Dessous
Les dessous, voilà, c'est ainsi, les dessous sont toujours surprenants, souvent troublants, rarement affriolants.
Dessous de l'affiche et dessous de l'histoire. Sombres dessous des cartes, astucieux dessous du théâtre. Sales dessous des affaires honorables et dessous gribouillés des toiles les plus pures.
Dessous-de-table. Dessous de tapis où s'amoncelle la poussière. Beaux dessous de l'orchestre, où tremble l'appel des hautbois, le cri d'enfant des clarinettes, le clair soupir des flûtes.
Tous ces dessous des choses... De quoi ruiner des mondes. De quoi dégringoler au trente-sixième dessous. De quoi s'émerveiller aussi parfois, et sourire au-dessous de l'échelle.
Mais que sait-on de ce qu'on a cru voir tant qu'on n'a pas regardé en-dessous ?

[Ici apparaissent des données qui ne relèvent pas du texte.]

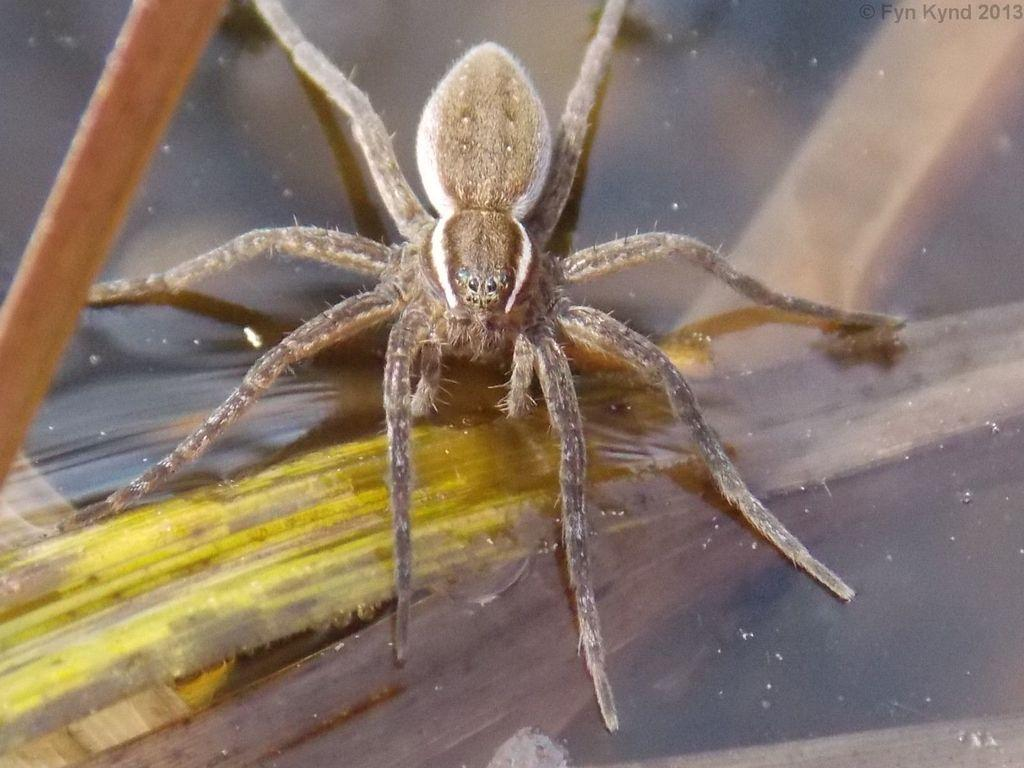What is the main subject of the image? There is a spider in the image. Where is the spider located? The spider is in a glass. What type of table is visible in the image? There is a glass table in the image. How does the beggar help the spider in the image? There is no beggar present in the image, and therefore no interaction between a beggar and the spider can be observed.

Ainsi, il y a presque deux semaines, je vous ai montré ce grand pan de carton ensoleillé qui nous disait si joliment : " Sourissez à la vie ".
Je suis tombée de très haut tout à l'heure quand j'ai regardé en-dessous, car il était toujours au même endroit, juste posé un peu plus haut, sur d'autres parois de carton, et il servait de toit, par cette fin d'après-midi grise et glaciale, à un SDF - comme on dit aujourd'hui où tout doit prendre une apparence rationnelle et moderne, tout, même la monstruosité qui veut que tant d'humains soient privés de logis sur cette terre qui appartient à tous.
L'homme couché sous le sourissant carton s'était tout simplement bâti une hutte avec les déchets de la ville, comme ses ancêtres se seraient fait une cabane de rondins ou de boue, et il avait posé là son sac et son duvet, pour résister au froid.
La nuit tombait. Des étudiants des beaux-arts qui sortaient de leurs cours bavardaient avec lui, lui offraient des cigarettes, des gâteaux et des livres. Sans doute les mêmes qui avaient écrit et dessiné sur son toit, l'autre jour, ce message qui probablement lui était déjà destiné...
Moi, j'étais stupéfaite... j'avais découvert les dessous de mon beau carton : une immense misère et beaucoup de douceur, un homme replié sur lui-même comme une souris tremblante, et la bonne chaleur d'une jeunesse encore tendre et joyeuse.
La vie, en somme, telle qu'elle va aujourd'hui, barre dessous, par ce temps de gros vent où l'on sourisse comme on peut, sous la tempête et sous la vague, pour ne pas se noyer.